- City: Georgetown, Ontario
- League: Central Int. "B" 1968-1970 Niagara Int. "A" 1970-1979 Georgian Bay Int. "A" 1979-1980 Major Int. "A" 1980-1983 OHA Sr. "A" 1983-1986
- Operated: 1953-1986
- Home arena: Georgetown Arena
- Colours: Blue, Red, and White

= Georgetown Raiders (senior) =

The Georgetown Raiders were an ice hockey team from Georgetown, Ontario, Canada. They competed in the OHA Senior A and Intermediate A ranks in the 1970s and 1980s.
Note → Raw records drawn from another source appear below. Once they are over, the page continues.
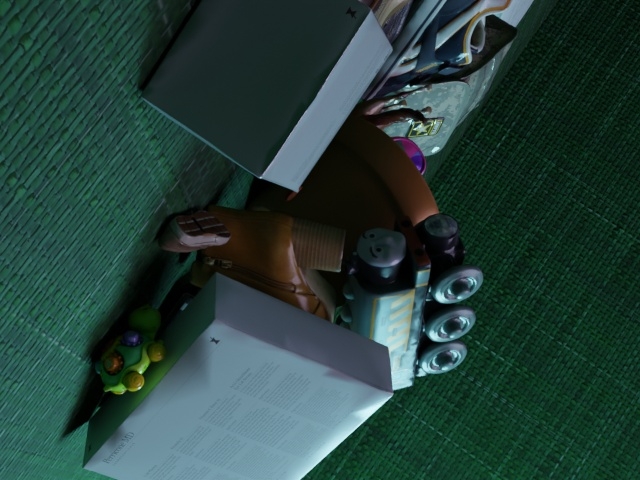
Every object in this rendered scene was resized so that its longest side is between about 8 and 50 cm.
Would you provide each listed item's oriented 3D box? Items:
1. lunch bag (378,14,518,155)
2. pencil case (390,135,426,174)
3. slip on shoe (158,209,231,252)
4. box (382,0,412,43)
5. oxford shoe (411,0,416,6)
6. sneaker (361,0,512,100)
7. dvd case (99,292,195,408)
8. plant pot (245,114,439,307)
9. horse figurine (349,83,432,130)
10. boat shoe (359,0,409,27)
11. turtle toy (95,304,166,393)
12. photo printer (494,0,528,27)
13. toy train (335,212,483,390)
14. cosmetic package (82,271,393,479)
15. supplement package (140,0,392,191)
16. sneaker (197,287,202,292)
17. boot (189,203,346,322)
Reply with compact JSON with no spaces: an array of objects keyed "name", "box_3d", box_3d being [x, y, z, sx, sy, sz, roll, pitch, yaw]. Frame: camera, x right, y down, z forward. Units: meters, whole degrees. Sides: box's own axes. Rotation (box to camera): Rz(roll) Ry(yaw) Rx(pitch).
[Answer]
[{"name":"lunch bag","box_3d":[0.198,-0.280,2.121,0.287,0.169,0.235,-43,166,-31]},{"name":"pencil case","box_3d":[0.081,-0.112,1.949,0.104,0.104,0.236,-53,-164,-19]},{"name":"slip on shoe","box_3d":[-0.163,-0.006,1.508,0.041,0.051,0.135,-42,170,18]},{"name":"box","box_3d":[0.074,-0.326,1.605,0.183,0.056,0.231,-49,169,-33]},{"name":"oxford shoe","box_3d":[0.179,-0.408,1.864,0.212,0.076,0.076,129,-39,-51]},{"name":"sneaker","box_3d":[0.173,-0.305,1.818,0.321,0.128,0.126,-47,-163,49]},{"name":"dvd case","box_3d":[-0.212,0.191,1.770,0.165,0.018,0.221,28,102,-47]},{"name":"plant pot","box_3d":[0.021,-0.021,1.808,0.203,0.291,0.291,-34,162,-25]},{"name":"horse figurine","box_3d":[0.088,-0.194,1.880,0.175,0.066,0.263,-20,-176,-10]},{"name":"boat shoe","box_3d":[0.016,-0.281,1.351,0.342,0.123,0.123,-49,141,-11]},{"name":"turtle toy","box_3d":[-0.251,0.146,1.546,0.130,0.066,0.095,-55,-165,-25]},{"name":"photo printer","box_3d":[0.378,-0.516,2.404,0.256,0.107,0.307,-53,172,-14]},{"name":"toy train","box_3d":[0.119,0.097,1.699,0.190,0.142,0.333,-12,140,-13]},{"name":"cosmetic package","box_3d":[-0.123,0.236,1.641,0.377,0.285,0.097,-47,-149,34]},{"name":"supplement package","box_3d":[-0.047,-0.173,1.190,0.194,0.149,0.203,-56,171,4]},{"name":"sneaker","box_3d":[-0.197,0.161,1.852,0.211,0.081,0.080,-57,171,12]},{"name":"boot","box_3d":[-0.082,0.079,1.665,0.104,0.211,0.295,-78,175,-56]}]

The Raiders won the W.G. Hardy Trophy, also known as the Hardy Cup, as the Canadian Intermediate A champions in 1982. They are not known to be connected to another Georgetown Raiders team which is currently a member of the Ontario Provincial Junior A Hockey League.

==History==
Georgetown was an entry in the Niagara District Intermediate A Hockey League, which folded in 1979. Georgetown was one of two teams from that loop (the Dundas Merchants were the other) to be accepted into the Georgian Bay Intermediate A league, with which the Niagara league had played an interlocking schedule. The league changed its name to the Major Intermediate A Hockey League in 1980.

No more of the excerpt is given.